Oscar faces shareholder lawsuit alleging it misled buyers

Live Brief:

  • An Oscar Health shareholder has filed a lawsuit, seeking class action certification, that claims the insurer omitted information it was required to disclose about the potential impact of the COVID-19 pandemic on its operations ahead of the company’s March 2021 initial public offering.
  • In the complaint, filed Thursday in the US District Court for the Southern District Court of New York, shareholder Lorin Carpenter accuses Oscar of violating the Securities Act by filing a “false and misleading” registration statement. Oscar omitted from the statement that its COVID-19 testing and treatment costs were increasing and that significant membership growth during the special enrollment period for marketplace plans would negatively affect its business, the suit alleges.
  • As a result, Carpenter and other class members suffered significant losses and damages, the complaint says. Oscar Health did not respond to a request for comment on the lawsuit.

Live Insight:

The insurance marketplaces created under the Affordable Care Act are a key business driver for Oscar, which saw its overall membership nearly double at the end of the first quarter of this year, to 1.1 million people, compared to a year ago.

But the insurtech startup, along with its peers Clover Health and Bright Health Group, has seen medical loss ratios jump during the pandemic due to elevated COVID-19 costs and new members acquired during the special enrollment period.

In its IPO, Oscar Health sold more than 36 million shares at $39 per share, receiving about $1.3 billion from the offering. Five months later, the company reported its medical loss ratio was 82.4% for the second quarter of 2021, up from 60.7% in the year-ago period, according to the lawsuit. Its second-quarter loss widened by $32.1 million from the prior year, to $73.1 million.

The shareholder lawsuit also contends that Oscar failed to disclose in its registration statement that it would be negatively affected by a risk adjustment data validation audit.

In November, Oscar Health said its third-quarter MLR rose to 99.7%, and it reported a net loss of $212.7 million, an increase of $133.6 million from the previous year. The company said higher COVID-19 costs, special enrollment member growth and an unfavorable risk adjustment data validation audit for 2019 and 2020 drove the MLR increase.
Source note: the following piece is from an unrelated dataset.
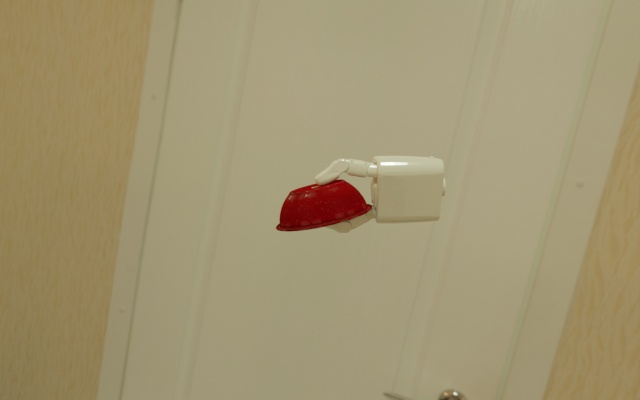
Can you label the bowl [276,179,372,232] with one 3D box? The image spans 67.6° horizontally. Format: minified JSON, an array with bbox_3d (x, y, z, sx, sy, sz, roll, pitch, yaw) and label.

The company’s shares tumbled nearly 25% to $12.47 after the November disclosures and later traded as low as $5.76, an 85% decline from the IPO price, according to the lawsuit. The stock closed at $5.83 Friday on the New York Stock Exchange.

Also named in the suit are company executives including Oscar Health co-founders CEO Mario Schlosser and Vice Chairman Joshua Kushner, and several investment banks.

Oscar Health earlier this month said it will exit the Arkansas and Colorado markets next year while remaining in 20 states as it refocuses its strategy to achieve profitability. The 10-year-old company aims to turn a profit in 2023.